Silly Mask Monk, don't you know the Weapons Triangle?
The game isn't perfect though. The balance with the introduction of the Weapons Triangle doesn't seem to be as well thought out as it should be, often you will be fighting large groups of enemies of one weapon type, where you only have one character who has the advantage over them. One particular example is early in the game you fight a large group of Knights who are all wielding lances, and you have no axe users and your main character (the guy who's death means you've lost the battle) is a sword user. The 3D graphics also provide with unintentional frustrations as camera angles and terrain features make some characters look farther away from the enemy than they really are. And then you have the voice "acting." Yes, this is the game where the infamous "Now bear my arctic blast" comes from. Now, not everyone is terrible in this game, there is some "okay" voice work, but more often than not you will hear people who don't sound like who they are trying to portray, and lack any kind of emotion. Never before have I heard someone so apathetically say that they where going to "kill me." But perhaps more infamously than the hilariously bad voice work is the fact that Shining Force III is three separate games. Released as Scenario 1, 2, and 3 each game follows the same events but from the perspective of different characters, fighting different battles. The problem? Only Scenario 1 was released outside of Japan, leaving the story frustratingly unfinished, and leading communities of fans, to this day, desperate to get SEGA to release a complete version of Shining Force III. While the remaining two scenarios are available to play in English via patches (and I will review those games when I've beaten them) it isn't an ideal solution.

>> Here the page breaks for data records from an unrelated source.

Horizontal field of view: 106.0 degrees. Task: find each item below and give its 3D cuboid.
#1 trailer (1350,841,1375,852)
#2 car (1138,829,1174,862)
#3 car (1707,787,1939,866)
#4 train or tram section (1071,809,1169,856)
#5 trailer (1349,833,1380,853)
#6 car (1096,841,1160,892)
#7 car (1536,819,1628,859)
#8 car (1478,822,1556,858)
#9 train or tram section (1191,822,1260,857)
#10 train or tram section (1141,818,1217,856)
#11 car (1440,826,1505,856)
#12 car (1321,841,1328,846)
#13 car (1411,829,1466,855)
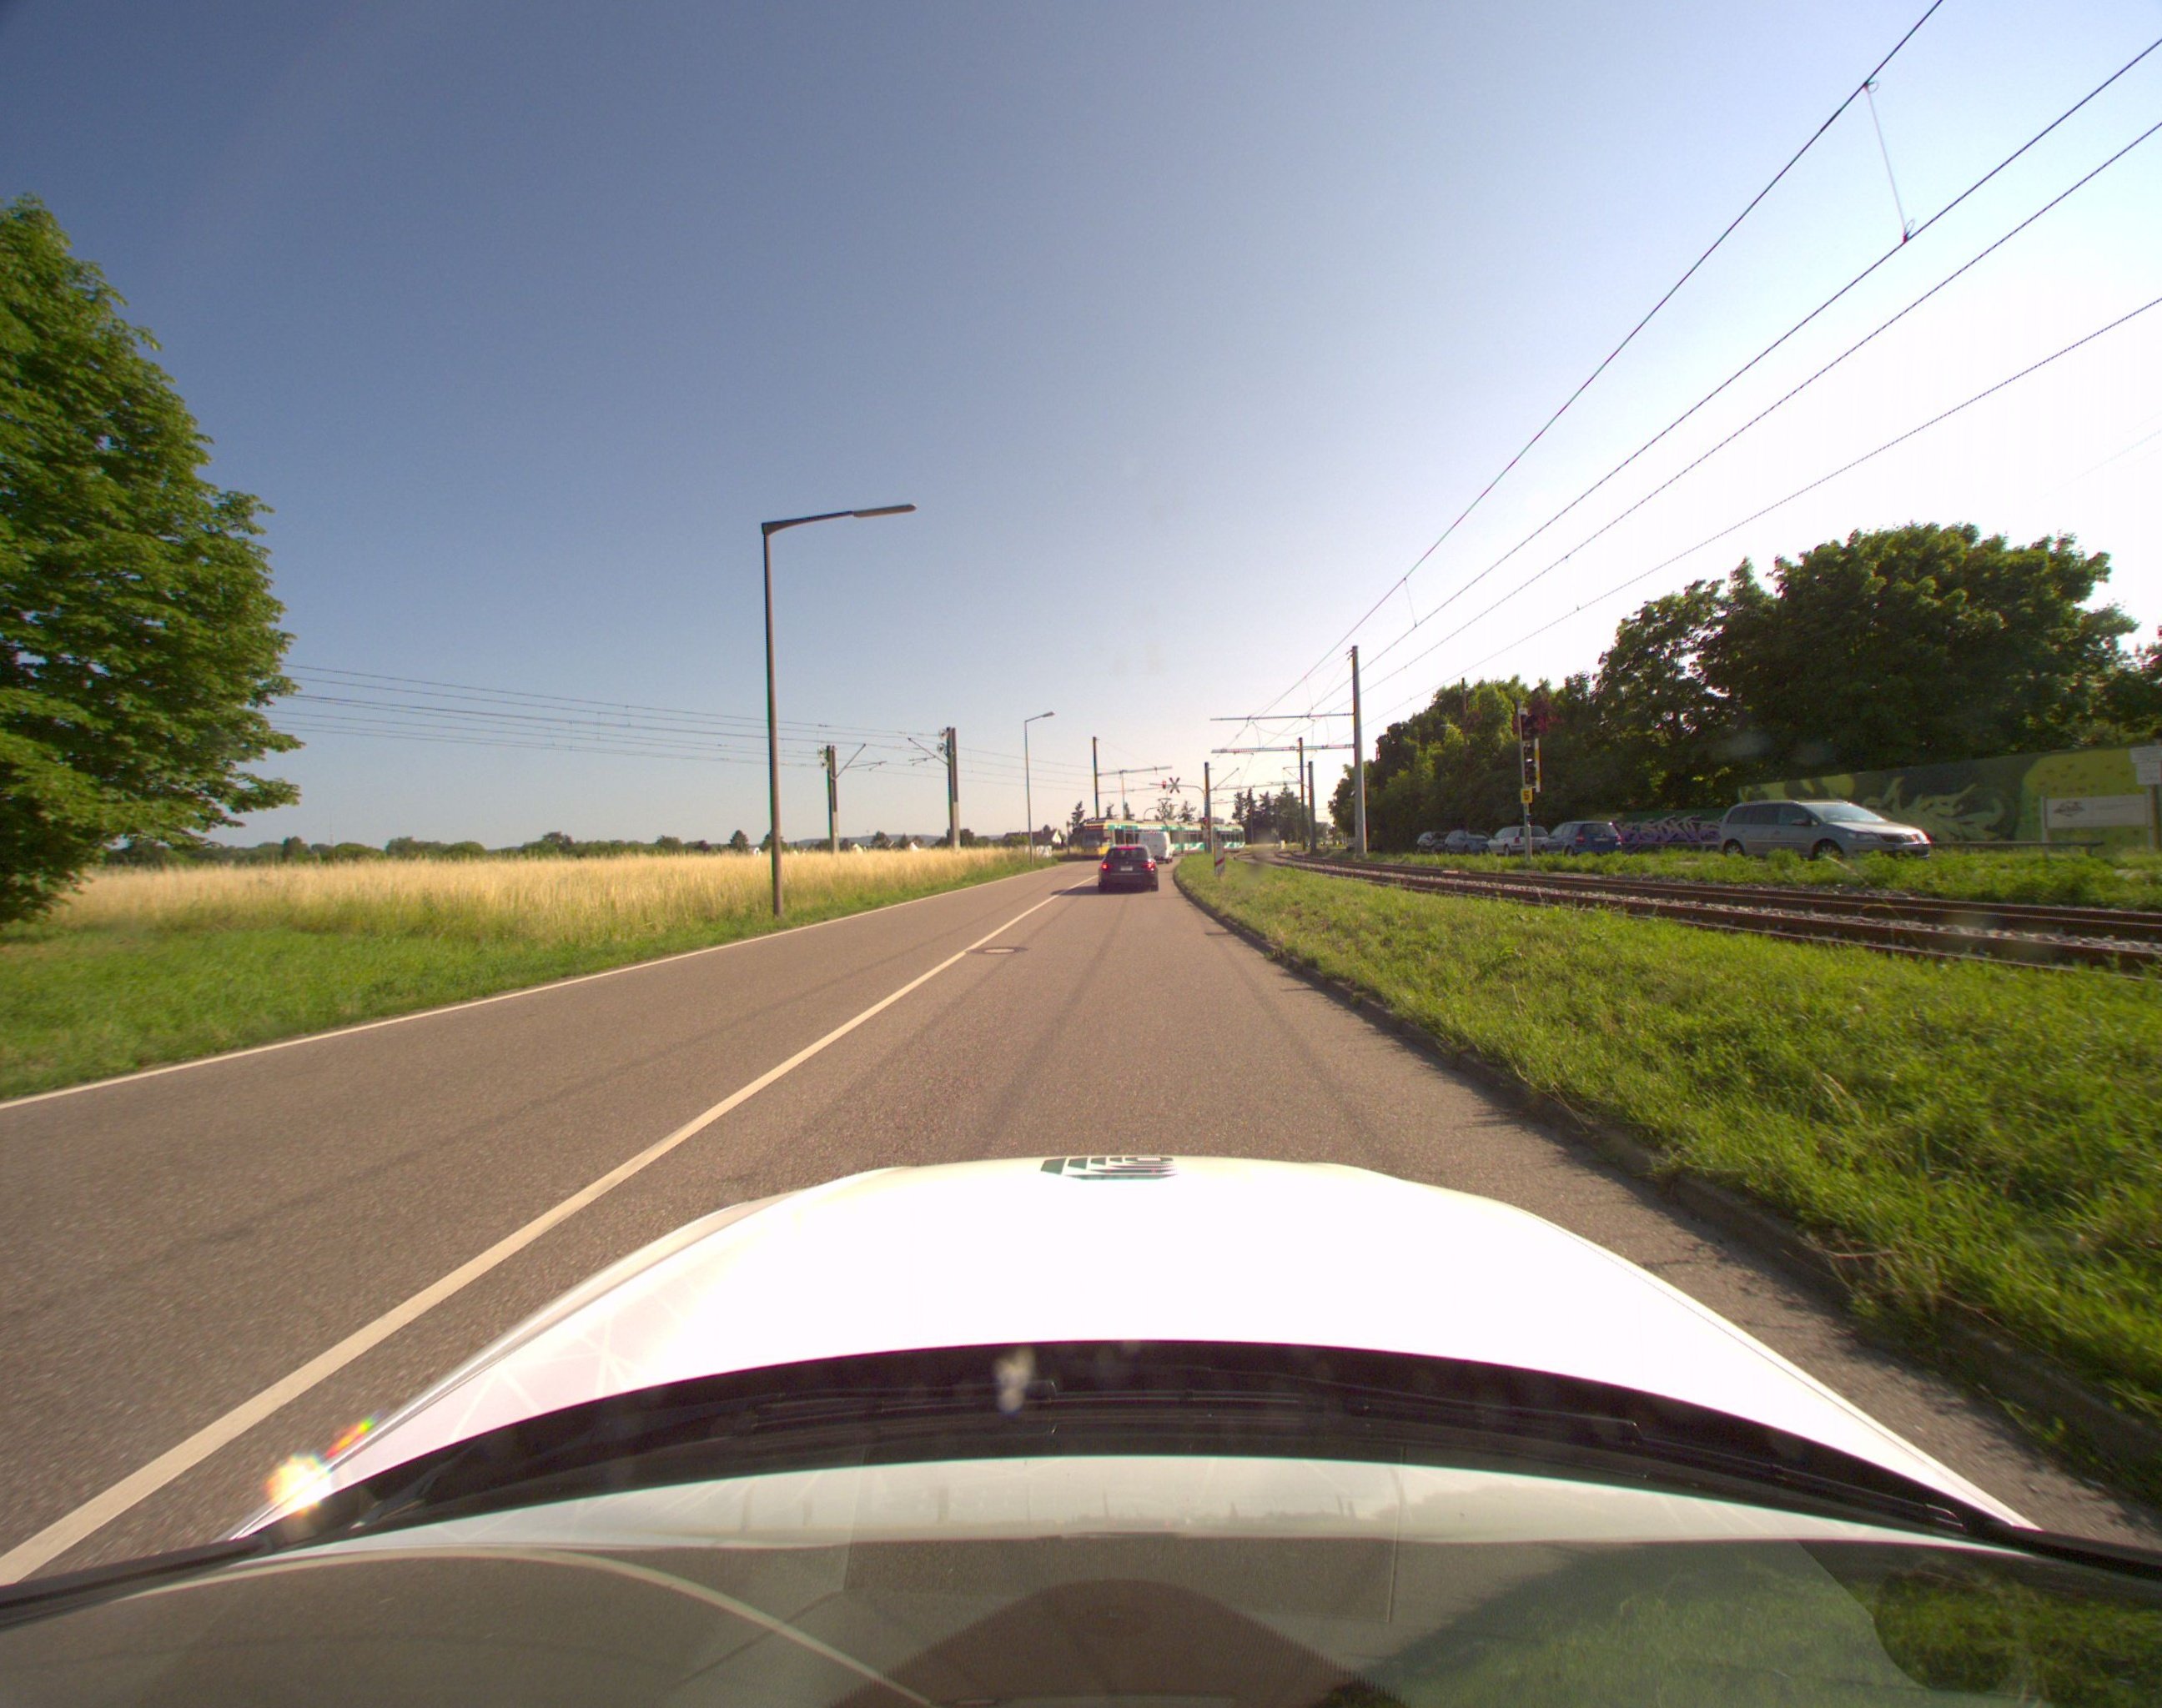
[{"bbox_3d":[24.939,-0.665,72.221,1.719,0.939,3.742,1,1,14],"label":"trailer"},{"bbox_3d":[4.786,-0.558,51.681,1.846,1.988,5.122,-1,1,10],"label":"car"},{"bbox_3d":[17.595,-0.611,19.665,1.517,1.610,4.485,-3,1,1],"label":"car"},{"bbox_3d":[3.637,-1.693,70.447,2.922,3.485,12.240,-1,-2,31],"label":"train or tram section"},{"bbox_3d":[23.760,-0.913,68.326,2.012,1.596,4.275,1,1,13],"label":"trailer"},{"bbox_3d":[1.545,0.342,26.710,1.861,1.452,4.748,-1,1,3],"label":"car"},{"bbox_3d":[19.305,-0.589,31.561,1.668,1.430,3.922,0,1,9],"label":"car"},{"bbox_3d":[19.990,-0.649,37.523,1.700,1.465,4.400,-2,1,8],"label":"car"},{"bbox_3d":[16.664,-1.501,92.500,2.879,3.568,14.349,-1,-1,30],"label":"train or tram section"},{"bbox_3d":[9.953,-1.558,81.020,2.889,3.454,12.240,-1,-1,30],"label":"train or tram section"},{"bbox_3d":[20.224,-0.671,42.217,1.478,1.401,4.153,-2,0,3],"label":"car"},{"bbox_3d":[75.177,-3.226,251.335,1.678,1.439,4.307,-1,1,23],"label":"car"},{"bbox_3d":[20.732,-0.677,47.371,1.614,1.410,4.528,-1,0,5],"label":"car"}]

That being said, Shining Force III is perhaps the most definitive entry of the Shining Force series. It has all the addicting SRPG goodness of the older games. I changed my sleeping habits just to be able to squeeze in more hours of playing Shining Force III. If you have any means of playing this game, preferably legal ways, then you should go for it. Now let's hope SEGA remakes or ports these games and finally give us a complete version. What the hell are you waiting for SEGA!?

Until next time.

-Crescent, Why is it always Freakin' bandits!?